Leaving out the pictures, return word for word the stretch of entries below from the line holding "<loc_0><loc_0><loc_500><loc_500><_Python_>h = int(input())" through the line holding "Convert formula to".

(Data excerpts)
****

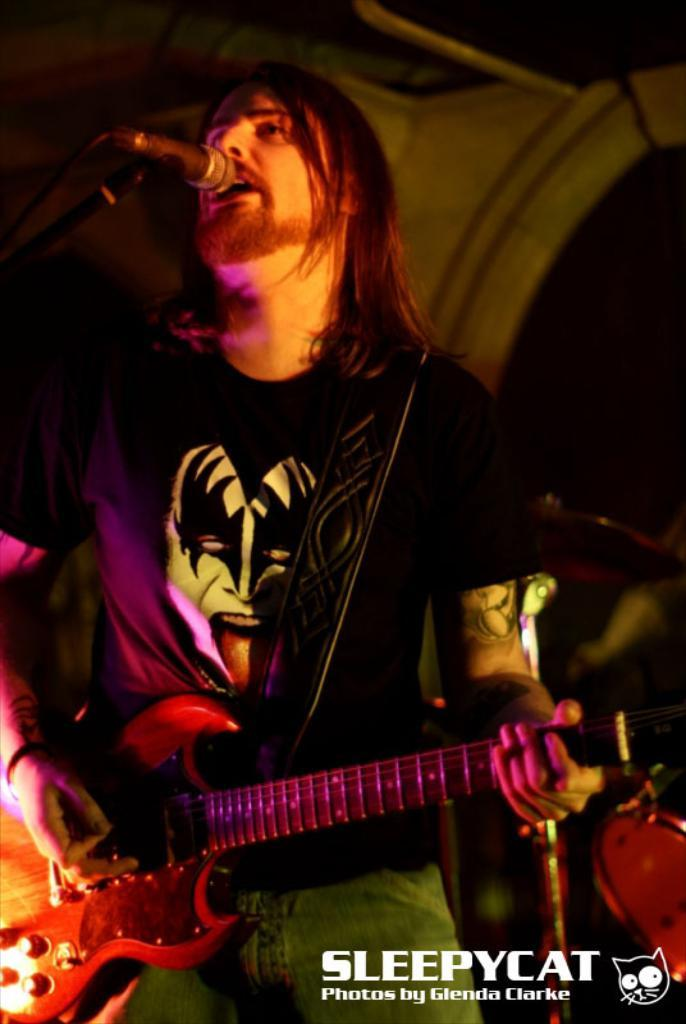What is the man in the image doing? The man is playing a guitar and singing. What object is in front of the man? There is a microphone in front of the man. What type of waste can be seen in the image? There is no waste present in the image. What is the man using to shape the wax in the image? There is no wax or any activity related to wax in the image. 
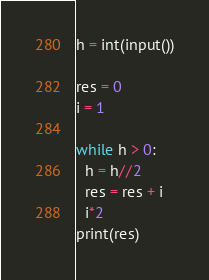<code> <loc_0><loc_0><loc_500><loc_500><_Python_>h = int(input())

res = 0
i = 1

while h > 0:
  h = h//2
  res = res + i
  i*2
print(res)</code> 
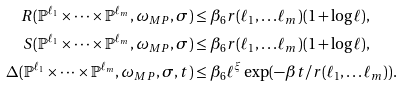Convert formula to latex. <formula><loc_0><loc_0><loc_500><loc_500>R ( \mathbb { P } ^ { \ell _ { 1 } } \times \dots \times \mathbb { P } ^ { \ell _ { m } } , \omega _ { M P } , \sigma ) & \leq \beta _ { 6 } r ( \ell _ { 1 } , \dots \ell _ { m } ) ( 1 + \log \ell ) , \\ S ( \mathbb { P } ^ { \ell _ { 1 } } \times \dots \times \mathbb { P } ^ { \ell _ { m } } , \omega _ { M P } , \sigma ) & \leq \beta _ { 6 } r ( \ell _ { 1 } , \dots \ell _ { m } ) ( 1 + \log \ell ) , \\ \Delta ( \mathbb { P } ^ { \ell _ { 1 } } \times \dots \times \mathbb { P } ^ { \ell _ { m } } , \omega _ { M P } , \sigma , t ) & \leq \beta _ { 6 } \ell ^ { \xi } \exp ( - \beta t / r ( \ell _ { 1 } , \dots \ell _ { m } ) ) . \\</formula> 
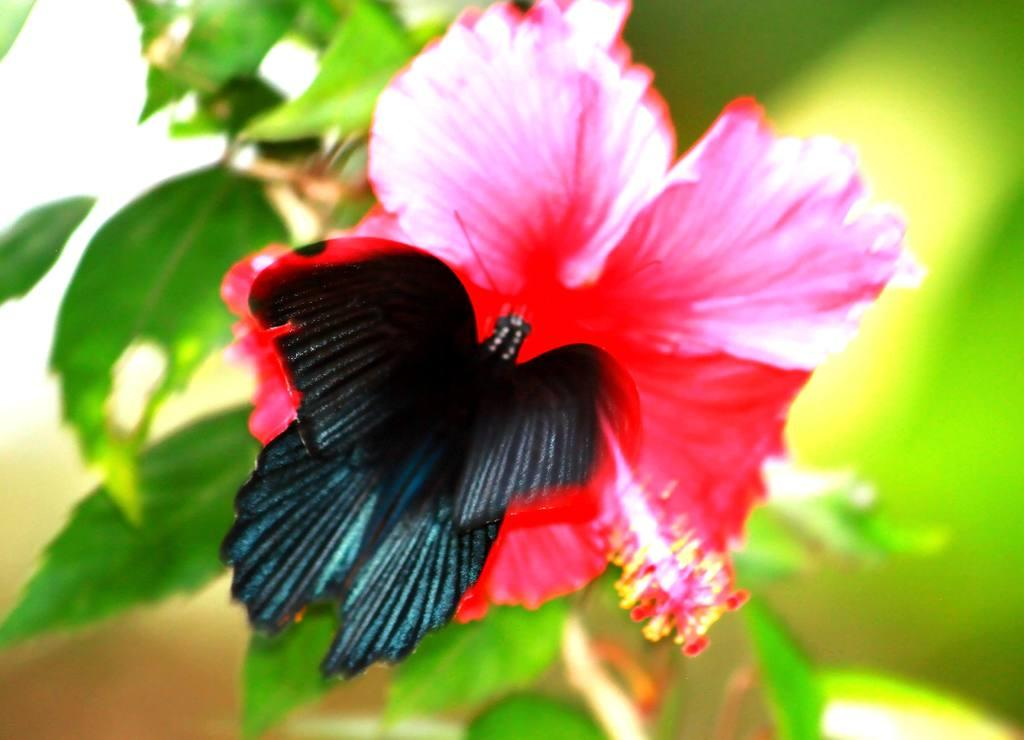What type of insect is in the image? There is a black color butterfly in the image. What is the butterfly resting on? The butterfly is on a pink colored flower. What is the flower part of? The flower is part of a plant. What color are the leaves of the plant? The leaves of the plant are green color. How would you describe the background of the image? The background of the image is blurred. What is the cause of the argument between the railway and the battle in the image? There is no railway or battle present in the image; it features a black color butterfly on a pink colored flower. 
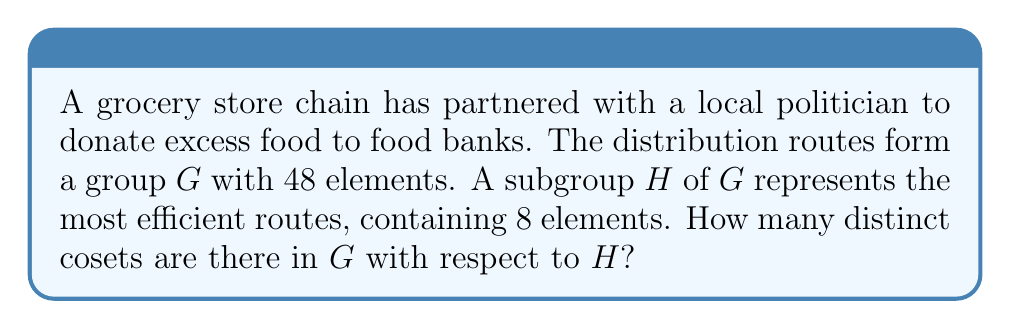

****

> WRITTEN RESPONSE:
<code> <loc_0><loc_0><loc_500><loc_500><_Python_>h = int(input())

res = 0
i = 1

while h > 0:
  h = h//2
  res = res + i
  i*2
print(res)</code> 
Convert formula to latex. <formula><loc_0><loc_0><loc_500><loc_500>R ( \mathbb { P } ^ { \ell _ { 1 } } \times \dots \times \mathbb { P } ^ { \ell _ { m } } , \omega _ { M P } , \sigma ) & \leq \beta _ { 6 } r ( \ell _ { 1 } , \dots \ell _ { m } ) ( 1 + \log \ell ) , \\ S ( \mathbb { P } ^ { \ell _ { 1 } } \times \dots \times \mathbb { P } ^ { \ell _ { m } } , \omega _ { M P } , \sigma ) & \leq \beta _ { 6 } r ( \ell _ { 1 } , \dots \ell _ { m } ) ( 1 + \log \ell ) , \\ \Delta ( \mathbb { P } ^ { \ell _ { 1 } } \times \dots \times \mathbb { P } ^ { \ell _ { m } } , \omega _ { M P } , \sigma , t ) & \leq \beta _ { 6 } \ell ^ { \xi } \exp ( - \beta t / r ( \ell _ { 1 } , \dots \ell _ { m } ) ) . \\</formula> 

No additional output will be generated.